If you want to motorize it, you will need :

  • A NodeMCU as microcontroller,
  • a servo 9G for the turret,
  • a servo 32G for the tracks,
  • a 4.5V battery,
  • and a tiny breadboard to wire all this stuff.

Step 1: The Frame

To begin, just assemble the main part of the model. This one is easy. We will add all the details at the end.

Step 2: The Top

It begin to be trickier. Don't mistake the "D" and "S" frame, the "D" stand for the driver side (left side), and the "S" stands for the shooter side (right). The perpendicular rods are here the handle the plates and the relief details.

Step 3: The Turret

Assemble some inside details before glueing everything; you won't have access to the inside after.

Step 4: Attach the Turret to the Top

Stack all those circles on the 50mm (or 40mm) screw through the bearing.

Step 5: The Sides

those parts are handled with the four bolts we tied onto the main frame. I made it removable to have a better access to the electronic parts we will put later.

Step 6: The Wheels

We will stack every layers of each wheel around the plastic rolls (it allows a better roll and avoids the thread wear on the wheel). Make sure the wheels are perpendicular compared to the pivot axis. Beware, there are some details to not forget :

For the drive wheel, the teeth must be perfectly aligned. You can assemble the tool with the negative shape of the wheel to help you. Use the rods as a pivot for this wheel.
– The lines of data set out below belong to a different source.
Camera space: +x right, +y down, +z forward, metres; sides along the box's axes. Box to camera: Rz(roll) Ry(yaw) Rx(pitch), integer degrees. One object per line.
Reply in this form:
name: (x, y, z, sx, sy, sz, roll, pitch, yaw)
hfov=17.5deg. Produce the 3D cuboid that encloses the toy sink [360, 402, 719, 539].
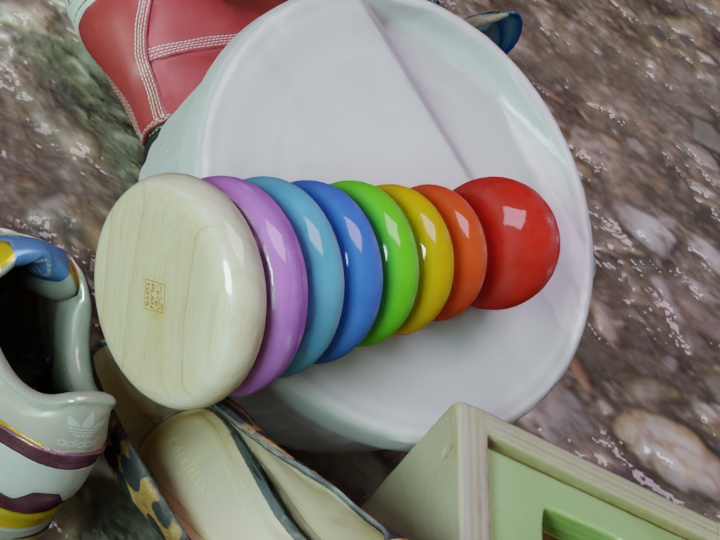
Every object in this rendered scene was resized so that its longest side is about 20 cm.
toy sink: (0.096, 0.161, 0.919, 0.200, 0.112, 0.130, 27, 34, -18)

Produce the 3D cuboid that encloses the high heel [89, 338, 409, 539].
high heel: (-0.040, 0.086, 0.826, 0.143, 0.071, 0.200, 50, -12, -11)

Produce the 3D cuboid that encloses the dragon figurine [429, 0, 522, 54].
dragon figurine: (0.045, -0.107, 1.175, 0.059, 0.200, 0.099, 19, 62, 6)

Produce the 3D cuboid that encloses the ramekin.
ramekin: (-0.005, -0.013, 0.994, 0.202, 0.094, 0.202, 12, 68, -32)

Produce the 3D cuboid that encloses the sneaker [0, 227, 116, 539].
sneaker: (-0.147, 0.002, 0.890, 0.075, 0.090, 0.200, 0, 50, -45)

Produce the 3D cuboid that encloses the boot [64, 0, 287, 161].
boot: (-0.039, -0.078, 1.128, 0.200, 0.072, 0.144, -2, 58, -47)

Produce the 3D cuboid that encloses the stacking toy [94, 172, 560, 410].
stacking toy: (0.000, 0.000, 0.891, 0.200, 0.085, 0.085, -6, 54, -43)
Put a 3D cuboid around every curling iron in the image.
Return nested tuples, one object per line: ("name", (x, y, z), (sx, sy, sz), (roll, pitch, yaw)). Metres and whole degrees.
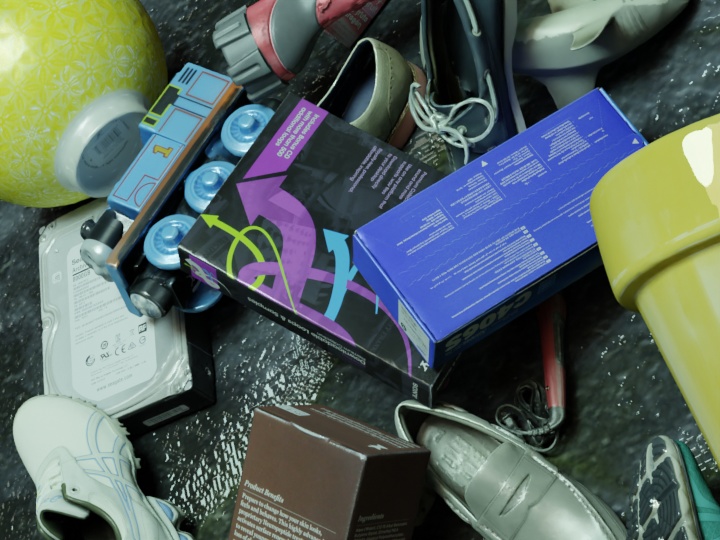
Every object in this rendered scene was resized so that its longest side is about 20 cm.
("curling iron", (0.116, 0.025, 1.317), (0.049, 0.026, 0.202), (-11, 61, 27))

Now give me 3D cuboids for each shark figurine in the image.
("shark figurine", (0.120, -0.146, 1.374), (0.213, 0.090, 0.128), (-2, 32, 26))

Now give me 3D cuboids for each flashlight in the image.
("flashlight", (-0.008, -0.195, 1.422), (0.199, 0.068, 0.068), (-26, 20, 15))

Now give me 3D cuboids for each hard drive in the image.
("hard drive", (-0.183, 0.031, 1.519), (0.139, 0.038, 0.201), (-23, 55, 24))

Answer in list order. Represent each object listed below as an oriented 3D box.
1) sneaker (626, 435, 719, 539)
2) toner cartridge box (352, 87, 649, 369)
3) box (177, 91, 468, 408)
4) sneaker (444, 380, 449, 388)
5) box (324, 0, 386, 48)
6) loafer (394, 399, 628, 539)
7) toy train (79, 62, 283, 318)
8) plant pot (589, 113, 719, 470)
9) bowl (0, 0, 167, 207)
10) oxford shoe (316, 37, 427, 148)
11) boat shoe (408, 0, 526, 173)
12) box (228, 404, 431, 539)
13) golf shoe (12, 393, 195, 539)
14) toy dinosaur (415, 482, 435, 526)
("sneaker", (0.213, 0.186, 1.141), (0.078, 0.079, 0.201), (115, 141, -49))
("toner cartridge box", (0.101, -0.029, 1.273), (0.199, 0.043, 0.095), (-30, 68, -16))
("box", (-0.001, -0.017, 1.311), (0.199, 0.036, 0.143), (28, 66, 14))
("sneaker", (0.000, 0.000, 1.369), (0.199, 0.082, 0.088), (32, 67, 18))
("box", (-0.059, -0.267, 1.475), (0.095, 0.200, 0.103), (-51, 49, 2))
("loafer", (0.093, 0.143, 1.244), (0.199, 0.070, 0.070), (32, 87, 41))
("toy train", (-0.128, -0.056, 1.468), (0.114, 0.087, 0.201), (21, 65, 26))
("plant pot", (0.249, 0.020, 1.128), (0.200, 0.200, 0.190), (-22, 71, 24))
("bowl", (-0.217, -0.119, 1.524), (0.108, 0.200, 0.200), (42, 94, 30))
("oxford shoe", (-0.024, -0.076, 1.435), (0.070, 0.074, 0.201), (16, 78, 37))
("boat shoe", (0.072, -0.119, 1.328), (0.075, 0.062, 0.202), (26, 127, 43))
("box", (-0.032, 0.195, 1.259), (0.100, 0.075, 0.202), (20, 103, 39))
("golf shoe", (-0.200, 0.155, 1.405), (0.200, 0.097, 0.079), (41, 107, 32))
("toy dinosaur", (0.005, 0.179, 1.312), (0.101, 0.058, 0.201), (-48, 60, 27))
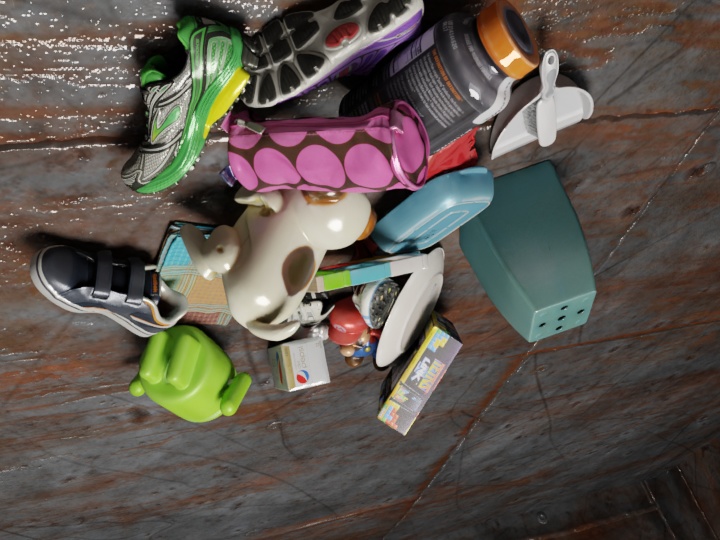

For the bottom wheels, align the holes for a better looking.

For the top wheels, watch out for the middle layer, this one is thin.

Step 7: The Tracks

Aaaaah, the longest part. Do be hurry for it, it will be long, about half a day for each track.

Cut the tooth link part in 2.5mm material. Cut it in 3mm would be a bit too wide to fit in the wheels slots.

The holes have a different diameter. Those connected to the slat are a bit smaller to handle the toothpick, and the three others holes (on the two studs and the tooth link) are bit bigger to make a good hinge.

Step 8: The Details

The best part. Follow the photos to put everything on its place.

Step 9: The Armor Plates

For the turret armor, glue the plates around the round frame. leave about 4.5mm down and 20.5 up for a correct height.

For the side armor, glue the stuff together. There is no indication about the plate position on the frame, glue 16mm away from the top of the frame and 40mm away from the front.

Step 10: The Motorization

Coming soon !

Connect the 32G servos to the drive wheels with the 6mm gears.

For the turret, fix the 9G motor.

Upload the joined code on your microcontroller. For the pins :

  • The + side of the battery on the VCC pin, and the - side on the ground (GND),
  • The left 32G on the A1 pin,
  • The right one on the A2 pin,
  • The 9G on the A3 pin.

Connect your phone or your computer to your NodeMCU via WiFi. open your navigator and go to 192.165.0.1. You now have access to the interface, and control your tank.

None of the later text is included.